Director Sergio Leone either didn't know about the steps or didn't bother to mention them to Wallach. Considering that this wasn't the only time Wallach could have died during this shoot, we're going with the second option. The other came in this scene, where Tuco was going to be hanged but was saved at the last second by Clint Eastwood's character shooting the rope. For the scene, Wallach was sitting on a horse with a noose around his neck and his hands tied behind his back. There was a small charge of dynamite on the rope to make sure it split when Eastwood fired his prop gun.


"Can't I just pretend to have my hands tied?"
"... No."

The problem was that the horse was so immersed in its part that it really got spooked by the noise and took off -- it galloped for about a mile with Wallach on its back, arms still tied, totally unable to control the horse, or stop it. And of course, no one thought to secure the actor to the horse or anything like that: Wallach says he had to hold on to the animal with his knees and hope he wasn't thrown to the ground, snapping his neck or worse in the process.


"Shit, someone go find his corpse so we can at least reshoot the hanging."

#2. Buster Keaton Just Didn't Give a Fuck

Buster Keaton was like a cross between Charlie Chaplin and the entire cast of Jackass. Chaplin may have been the more popular silent comedy star, but Keaton succeeded at being infinitely more badass, as evidenced by his insanely dangerous stunts.


Those are the eyes of a man who doesn't know fear.

For example, if there's one gag from Keaton's movies you're familiar with, it's the one in Steamboat Bill, Jr. from 1924, where a guy is standing in front of a building during a cyclone and the entire wall of the building falls on him -- fortunately, he's standing in just the right spot to not be flattened, because he was lined up with where the window was cut.
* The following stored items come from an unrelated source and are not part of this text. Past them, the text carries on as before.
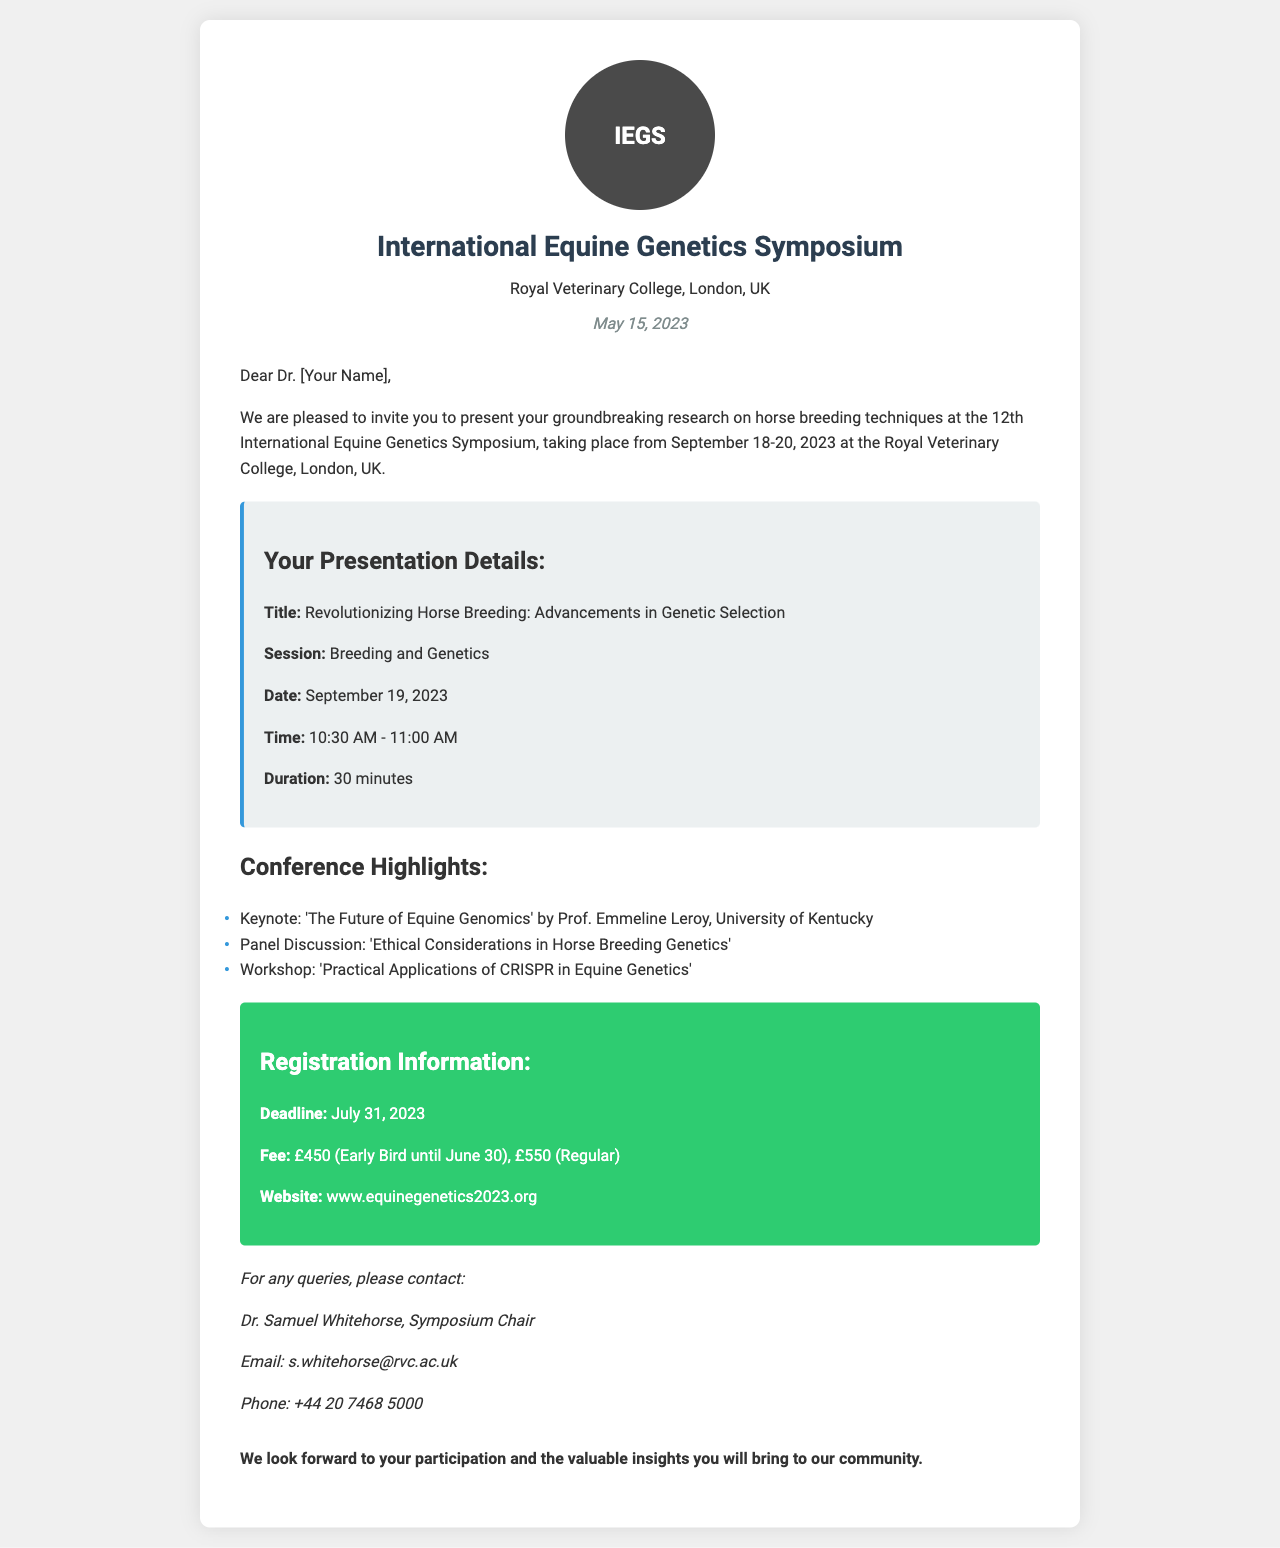What is the date of the symposium? The symposium is scheduled from September 18 to September 20, 2023.
Answer: September 18-20, 2023 Who is the keynote speaker? The keynote speaker is mentioned in the conference highlights as Prof. Emmeline Leroy.
Answer: Prof. Emmeline Leroy What is the title of the presentation? The title of the presentation is stated in the presentation details section.
Answer: Revolutionizing Horse Breeding: Advancements in Genetic Selection What is the registration deadline? The deadline for registration is specified in the registration information section.
Answer: July 31, 2023 What is the early bird registration fee? The early bird registration fee is mentioned alongside the fees for regular registration.
Answer: £450 On which date will the presentation be given? The date for the presentation is provided in the presentation details.
Answer: September 19, 2023 What time is the presentation scheduled? The time for the presentation is clearly indicated in the presentation details.
Answer: 10:30 AM - 11:00 AM Who should be contacted for queries? The contact person for queries is indicated in the contact section.
Answer: Dr. Samuel Whitehorse What is the website for registration? The website for registration is provided in the registration information section.
Answer: www.equinegenetics2023.org

How do you suppose they did that? A cardboard facade? Photo trickery? Animatronics? Nothing so fancy: They just dropped a two-ton wall on a guy and hoped he didn't get squashed. And yes, that's the real Buster Keaton, not a double, and since he also co-wrote and co-directed this movie, it's his own damn fault he was there.

bustrkeatn.tumblr.com
"Oooh, a penny."

They couldn't use a fake wall because it would have rippled in the wind from the cyclone, and Keaton didn't want fanboys going on their telegraphs and complaining that the scene looked fake. According to Keaton, the opening was "exactly 3 inches over my head and each shoulder" -- had a single person involved in the stunt miscalculated, this would have turned into a snuff film. If the movie wasn't silent, you'd probably hear a bunch of people going "BY GOLLY!" and "MOTHER FUCK!" -- apparently, the whole crew looked away as the thing fell.


"Let me know when you drop ... oh, we're done?"
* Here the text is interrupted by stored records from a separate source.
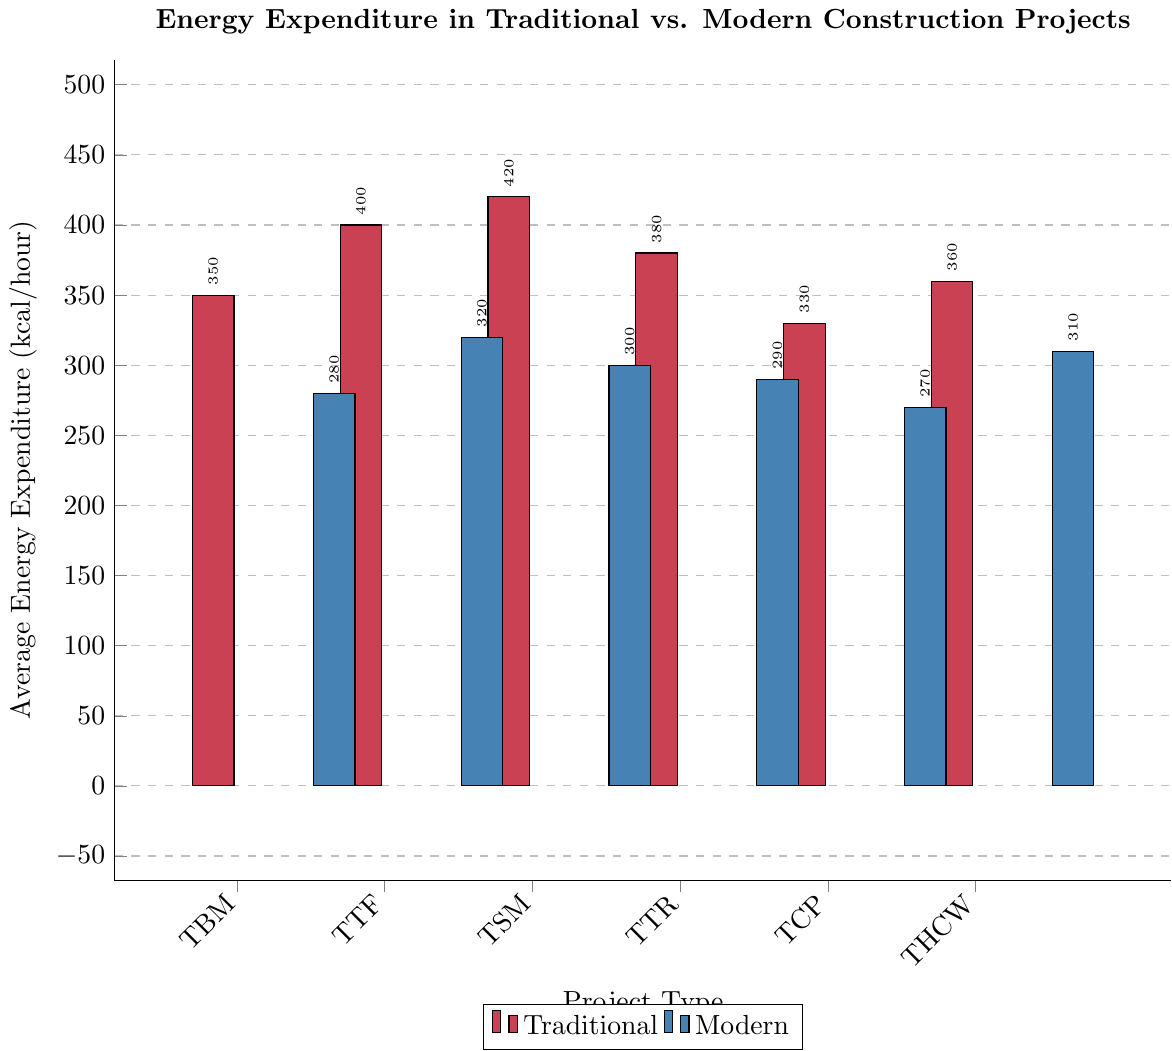Which project type has the highest average energy expenditure? The bar for Traditional Stone Masonry is the tallest among all bars, which indicates the highest value at 420 kcal/hour
Answer: Traditional Stone Masonry Which modern project type has the lowest average energy expenditure? The bar for Modern Spray Foam Insulation is the shortest among the modern project types, indicating 270 kcal/hour
Answer: Modern Spray Foam Insulation What is the difference in average energy expenditure between Traditional Timber Framing and Modern Steel Framework? Traditional Timber Framing has 400 kcal/hour and Modern Steel Framework has 320 kcal/hour. The difference is 400 - 320
Answer: 80 kcal/hour Which traditional project type has a higher average energy expenditure than Modern Glass Curtain Wall? We need to find traditional project types with values higher than Modern Glass Curtain Wall's 300 kcal/hour. Traditional Brick Masonry (350), Traditional Timber Framing (400), Traditional Stone Masonry (420), Traditional Thatched Roofing (380), Traditional Clay Plastering (330), and Traditional Hand-carved Woodwork (360) all qualify
Answer: Multiple: Traditional Brick Masonry, Traditional Timber Framing, Traditional Stone Masonry, Traditional Thatched Roofing, Traditional Clay Plastering, Traditional Hand-carved Woodwork What's the total average energy expenditure for all modern project types combined? Sum the values for all modern project types: 280 (MPA) + 320 (MSF) + 300 (MGCW) + 290 (MSPI) + 270 (MSFI) + 310 (MCCP) = 1770 kcal/hour
Answer: 1770 kcal/hour What is the average energy expenditure for traditional project types? First sum the values for traditional project types: 350 (TBM) + 400 (TTF) + 420 (TSM) + 380 (TTR) + 330 (TCP) + 360 (THCW) = 2240. Divide by the number of data points (6): 2240 / 6
Answer: 373.3 kcal/hour Which color bars represent traditional project types? The bars filled with the red color represent the traditional project types
Answer: Red Are there any modern project types with an average energy expenditure higher than any traditional project types with the lowest expenditure? The lowest average expenditure for traditional types is Traditional Clay Plastering at 330 kcal/hour. Modern Steel Framework (320), Modern Glass Curtain Wall (300), Modern Spray Foam Insulation (270), Modern Solar Panel Installation (290), and Modern CNC-cut Paneling (310) are all lower
Answer: No How much higher is the average expenditure for Traditional Hand-carved Woodwork compared to Modern Solar Panel Installation? Traditional Hand-carved Woodwork is at 360 kcal/hour and Modern Solar Panel Installation is at 290 kcal/hour. The difference is 360 - 290
Answer: 70 kcal/hour Among the modern project types, which has the second highest average energy expenditure? The highest for modern types is Modern Steel Framework at 320 kcal/hour. The second highest would be Modern CNC-cut Paneling at 310 kcal/hour
Answer: Modern CNC-cut Paneling 
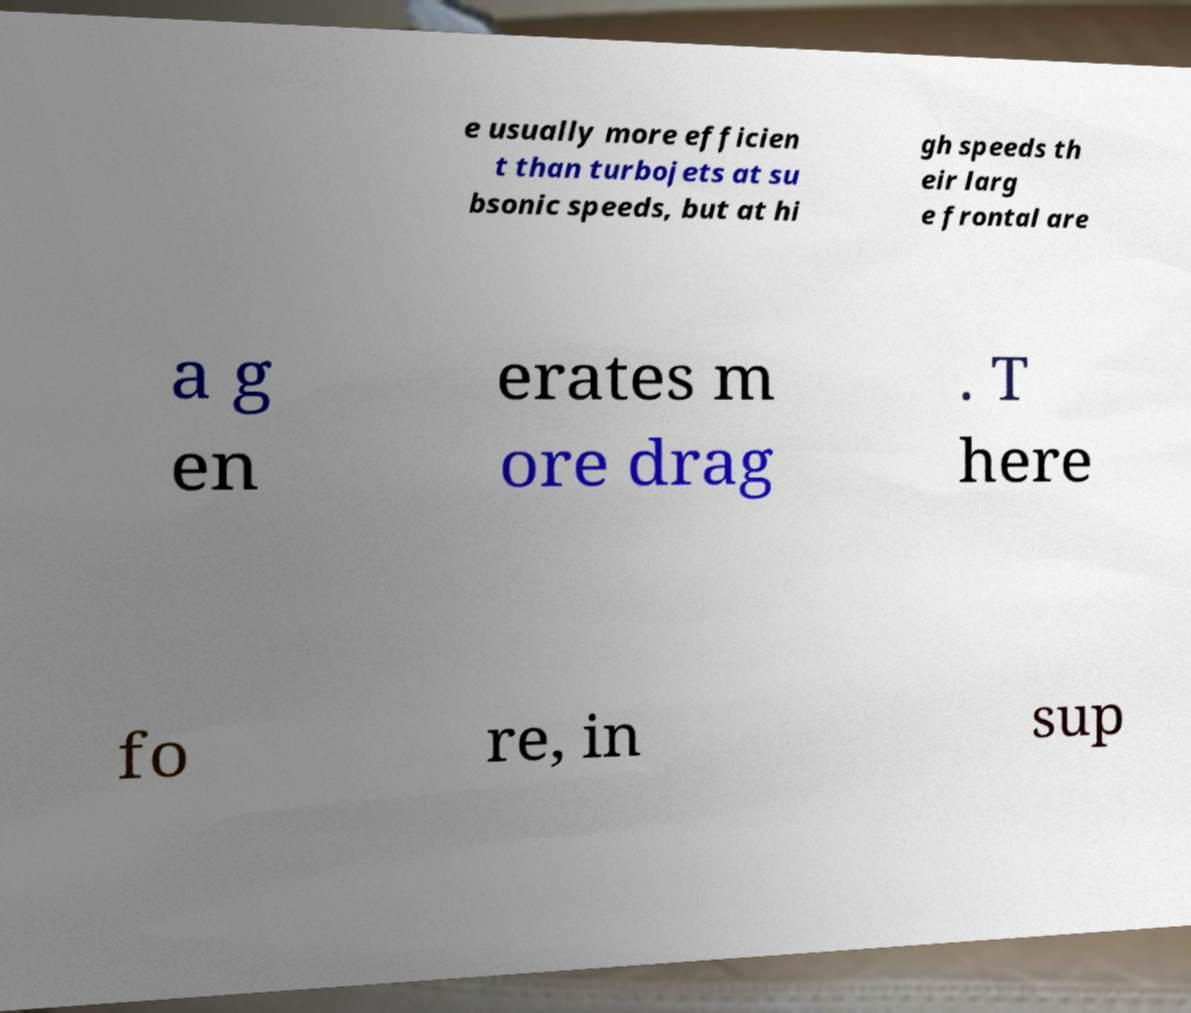Can you accurately transcribe the text from the provided image for me? e usually more efficien t than turbojets at su bsonic speeds, but at hi gh speeds th eir larg e frontal are a g en erates m ore drag . T here fo re, in sup

But Keaton didn't always escape his shoots unharmed. In the same year, he also released a film called Sherlock Jr., which included a stunt where Keaton is left hanging from a water pipe and pushed down to the ground when the water comes out:


"At least no one can tell if I peed myself."

That's all real, too: Keaton was supposed to come down with a rope, but the pressure from the water was so strong that he got knocked to the ground and hit his head on the rail, badly fracturing his neck. Keaton kept shooting and didn't even notice the fracture until an X-ray revealed it 10 years later.

Medioimages/Photodisc/Valueline/Getty Images
"Technically, you're dead right now, but other than that, you're fine."

#1. Fritz Lang: Making Classics by Burning, Drowning, and Beating Actors

Fritz Lang's silent epic Metropolis is an undisputed cinematic classic with an influence that extends to music, comics, animation, and even fashion. It was also Hitler's favorite movie. Considering that some of the filming techniques used to create it would now qualify as torture methods, we can see why.

In the movie, there's a scene where the female lead (a lady-looking robot) is burned at the stake. The fire engulfs her and melts her clothes and skin, revealing her robotic interior.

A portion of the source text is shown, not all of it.